You sort of expose the illusion of "deserve" with the questions you pose in this section. They all kind of show how ridiculous the question of "deserving" is. Like, is there some sort of success and contribution to society to happiness conversion rate I'm not aware of? This idea of deserving or not deserving happiness has no rational basis. These are feelings. How could a statement like that ever be true or untrue? I think we ought to want happiness for everybody!
Perhaps most convincing though is this bold claim: life is better when you're happy. So uh, why not be happy?
Additionally, I think figuring out how to make people happy is an extremely important problem, and to help our loved ones and strangers, the experience and wisdom gained from getting to that happy place in our own lives is crucial.

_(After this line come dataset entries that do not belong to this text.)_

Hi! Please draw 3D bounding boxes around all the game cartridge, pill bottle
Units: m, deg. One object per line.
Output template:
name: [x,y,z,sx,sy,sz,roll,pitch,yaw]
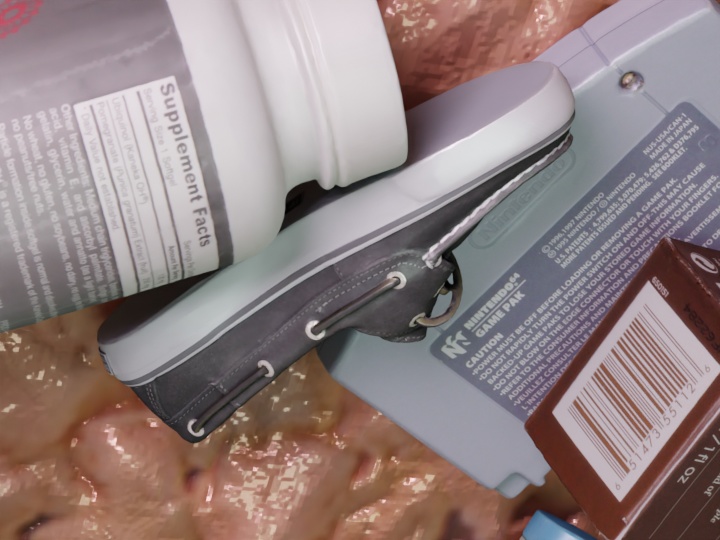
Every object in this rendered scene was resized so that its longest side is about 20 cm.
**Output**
game cartridge: [0.083,-0.012,0.959,0.200,0.041,0.133,-44,128,12]
pill bottle: [-0.090,-0.045,0.830,0.199,0.111,0.111,-17,126,-8]

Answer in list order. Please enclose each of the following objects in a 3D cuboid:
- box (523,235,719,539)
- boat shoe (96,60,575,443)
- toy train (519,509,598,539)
box: [0.171,0.061,0.985,0.200,0.075,0.100,11,122,-43]
boat shoe: [0.000,0.000,0.897,0.200,0.070,0.066,-32,107,15]
toy train: [0.114,0.186,1.080,0.200,0.085,0.116,30,96,-32]
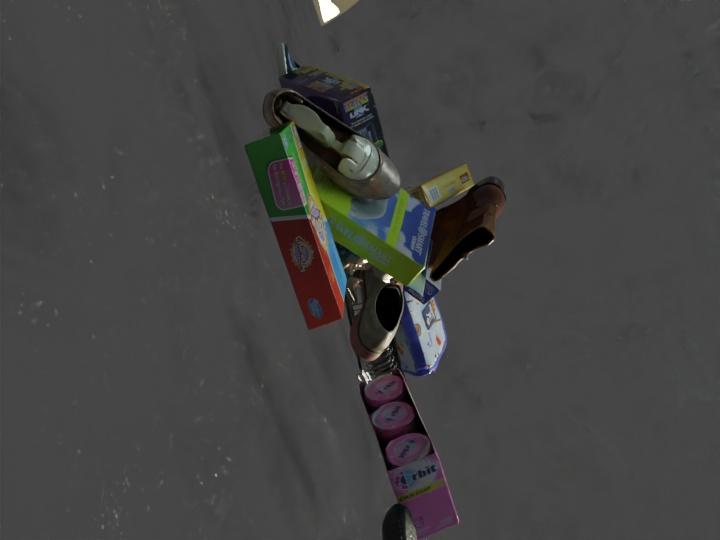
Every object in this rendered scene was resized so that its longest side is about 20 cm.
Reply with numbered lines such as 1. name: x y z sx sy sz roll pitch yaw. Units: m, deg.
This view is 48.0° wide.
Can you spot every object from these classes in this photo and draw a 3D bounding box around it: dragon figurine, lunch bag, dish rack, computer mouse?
1. dragon figurine: -0.016 -0.025 1.081 0.099 0.197 0.060 37 -53 38
2. lunch bag: 0.071 0.070 1.397 0.200 0.121 0.173 -118 -172 -71
3. dish rack: 0.023 0.120 1.206 0.201 0.053 0.156 64 9 -56
4. computer mouse: 0.045 0.350 0.876 0.203 0.033 0.059 -92 163 -46

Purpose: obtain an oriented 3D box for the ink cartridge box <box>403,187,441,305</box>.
1. ink cartridge box: 0.091 -0.044 1.328 0.093 0.044 0.202 36 35 -17

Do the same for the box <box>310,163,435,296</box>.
1. box: 0.018 -0.068 1.038 0.198 0.048 0.123 32 40 -13

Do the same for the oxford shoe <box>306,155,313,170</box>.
1. oxford shoe: -0.065 -0.147 1.118 0.075 0.057 0.203 56 15 -59

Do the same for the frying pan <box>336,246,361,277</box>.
1. frying pan: -0.001 0.001 1.232 0.191 0.031 0.115 54 -3 -4

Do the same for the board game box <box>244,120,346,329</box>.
1. board game box: -0.066 -0.056 0.894 0.153 0.039 0.204 -88 160 -75

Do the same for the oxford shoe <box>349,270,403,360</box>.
1. oxford shoe: 0.040 0.029 1.135 0.069 0.075 0.203 26 48 -20

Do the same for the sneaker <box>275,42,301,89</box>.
1. sneaker: -0.073 -0.271 1.278 0.076 0.083 0.203 -100 171 -55

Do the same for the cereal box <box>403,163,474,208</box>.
1. cereal box: 0.058 -0.096 1.225 0.143 0.198 0.040 -31 97 -50

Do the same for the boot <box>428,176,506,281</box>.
1. boot: 0.129 -0.030 1.135 0.069 0.187 0.201 48 29 -12

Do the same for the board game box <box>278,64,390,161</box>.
1. board game box: -0.034 -0.192 1.154 0.199 0.056 0.168 35 -31 54

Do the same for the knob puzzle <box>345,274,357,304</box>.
1. knob puzzle: -0.031 -0.064 1.357 0.220 0.030 0.225 -18 91 -85

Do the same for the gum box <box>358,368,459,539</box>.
1. gum box: 0.057 0.227 1.040 0.201 0.065 0.115 -114 -175 -63

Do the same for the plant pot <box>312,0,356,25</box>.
1. plant pot: -0.104 -1.072 3.027 0.202 0.173 0.202 -100 170 -52

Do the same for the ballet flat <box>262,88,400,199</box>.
1. ballet flat: -0.034 -0.151 0.972 0.197 0.069 0.067 31 -8 -6
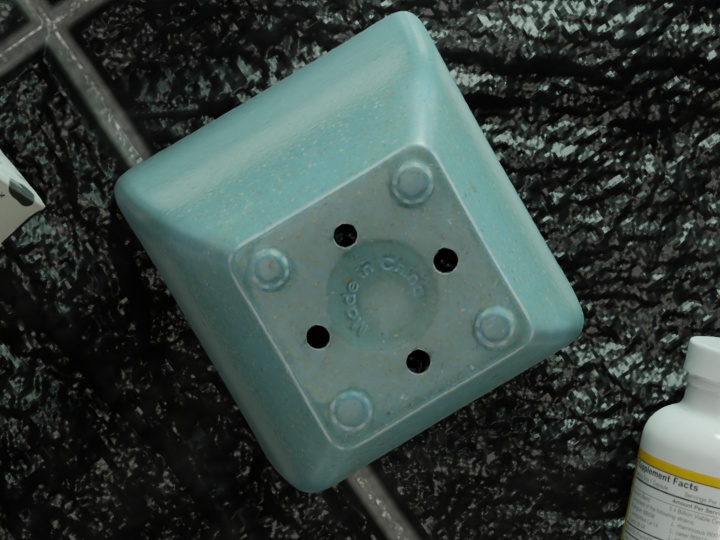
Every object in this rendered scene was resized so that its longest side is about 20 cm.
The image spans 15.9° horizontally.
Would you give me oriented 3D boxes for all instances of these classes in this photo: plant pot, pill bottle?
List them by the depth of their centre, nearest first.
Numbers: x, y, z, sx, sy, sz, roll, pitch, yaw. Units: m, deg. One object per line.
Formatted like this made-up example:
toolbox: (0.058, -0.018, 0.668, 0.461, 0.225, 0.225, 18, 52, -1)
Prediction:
plant pot: (0.000, 0.000, 1.332, 0.195, 0.200, 0.197, -30, 99, 0)
pill bottle: (0.197, 0.142, 1.419, 0.104, 0.104, 0.201, 10, 97, -7)

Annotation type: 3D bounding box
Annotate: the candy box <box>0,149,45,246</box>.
candy box: (-0.273, -0.002, 1.333, 0.200, 0.136, 0.061, -41, 74, 1)

Again though, these are all intellectual lines of reasoning, when at the end of the day, I think strong feelings of not deserving happiness will prevent any of them from landing. The emotion should be dealt with more directly on an emotional level.
I would love to hear your thoughts on my thoughts!
All of this shows that much more can be done to increase the number of altruistic people, because, after all, if happiness is a motivation... happiness is something that, in general terms, we give to each other.